NEHRU AND EISENHOWER
WHETHER or not Mr. Nehru's visit to Washington marks a high spot in the attempt by the US to woo the un- committed Afro-Asian States, it is certainly true that no one would have thought of a rapprochement between India and America some months ago. But now the shadows cast by Formosa and Viet Nam have been lost in the glare from the direction of Suez, and New Delhi and Washington have un- expectedly found themselves pulling in the same direction at the coat-tails of the British and French Governments.

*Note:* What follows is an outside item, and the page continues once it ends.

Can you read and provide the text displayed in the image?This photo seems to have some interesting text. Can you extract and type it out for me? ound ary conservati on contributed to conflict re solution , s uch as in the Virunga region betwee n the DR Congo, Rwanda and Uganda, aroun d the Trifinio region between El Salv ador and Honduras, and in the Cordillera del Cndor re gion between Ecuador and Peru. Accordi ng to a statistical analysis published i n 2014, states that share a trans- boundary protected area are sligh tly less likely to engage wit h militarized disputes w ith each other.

However, as Mr. James Reston has remarked in the New York Times, less may come out of this meeting than was expected. Meetings at the summit have traditionally been surrounded by such a cloud of vague good will that they have tended to look like an advertisement for Paramount, but no amount of hand-shaking can conceal the fact that, on the basic problem of the world today, American and Indian points of view are wide apart. That basic problem is one of the future behaviour and evolution of the Soviet Union. For America Communism is a threat and the Soviet system of government morally corrupt. For India neither of these things is true, and the difference of interpretation could be seen at work over Hungary. China, indeed, may appear as a menace from New Delhi and Washington, but views on how to deal with possible Chinese expansion into South-East Asia differ. In the event of any move on the part of either Russia or China India and America would part company as to what to do about it, united though they might be on principles. The alarm that has been expressed by some Conservatives as to the possibility of America turning away from her Western allies in favour of the Bandung Powers is hardly justified. No permanent swop is possible, and the question would never have arisen if it had not been for our treatment of the Americans over Suez.